= Collectif contre les expulsions (CCLE) =

The Collectif contre les expulsions (CCLE) is an independent organization created in 1998 in Brussels to defend freedom of movement and to support illegal immigrants detained in immigrant detention centres managed by the Belgian Immigration Office. Almost 8,000 people awaiting expulsion or rejection orders are detained in such detention centres.

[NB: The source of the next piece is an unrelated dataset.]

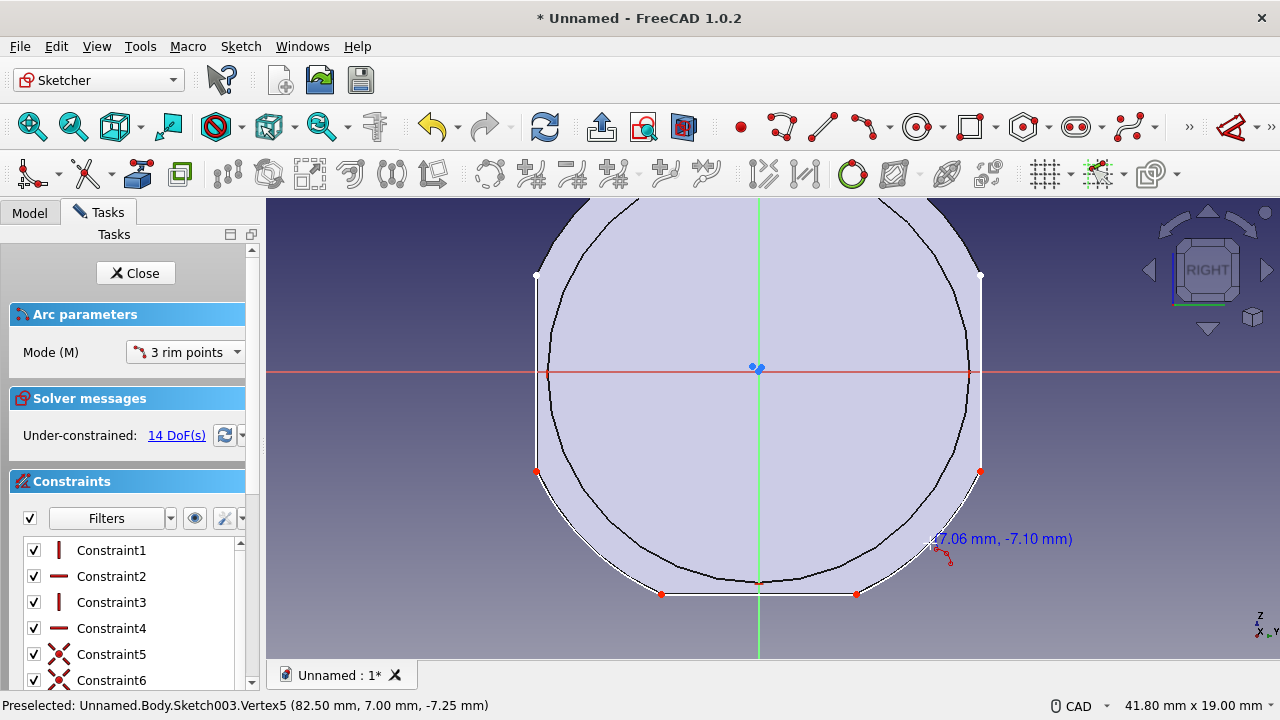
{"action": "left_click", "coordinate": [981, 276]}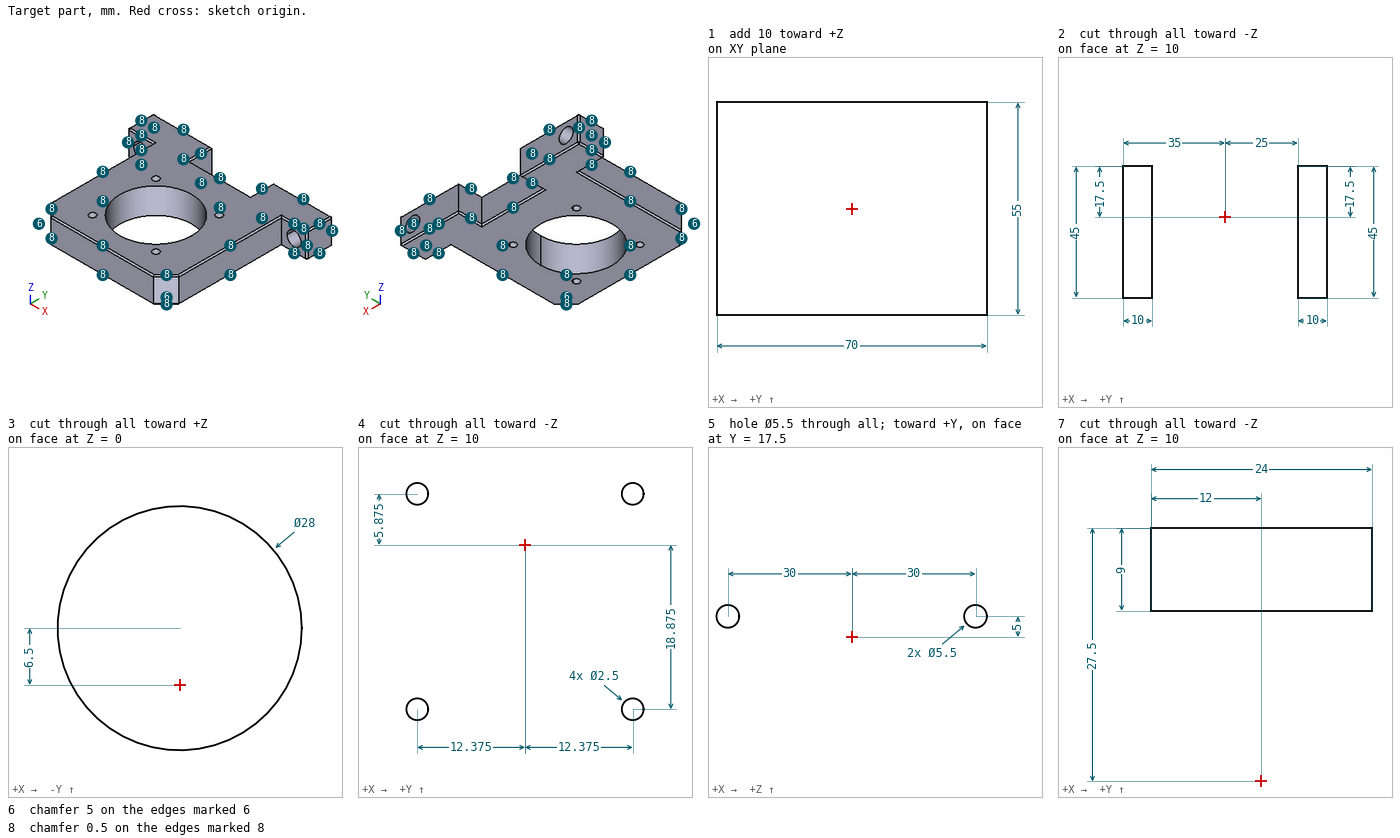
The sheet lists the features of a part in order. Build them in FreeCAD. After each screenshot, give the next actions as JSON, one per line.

Giving priority to nonviolent resistance and civil disobedience, the CCLE does not assume a position "for" illegal immigrants but "with" them.

==Legislation==
In Belgium, the General Directorate of the Immigration Office is charged with foreign policy. Fundamental rules are mentioned in the Law of 15 December 1980 on the access to the territory, stay, establishment, and return of foreigners and in a royal order of 8 October 1981. Article 77 of this law punishes "everyone who knowingly helps a foreigner […] illegally to enter or remain" with imprisonment from 8 days up to three months and a fine of from 1,700 up to 6,000 euros. According to the same law, this rule "will not apply if the aid or assistance to such foreigners was offered for primarily humanitarian reasons".

Existing legislation has been tightened with the Law of 13 April 1995 incorporating all the measures necessary for the Suppression of the Traffic in Persons and Child Pornography with the aim of introducing more serious punishments against organised crime.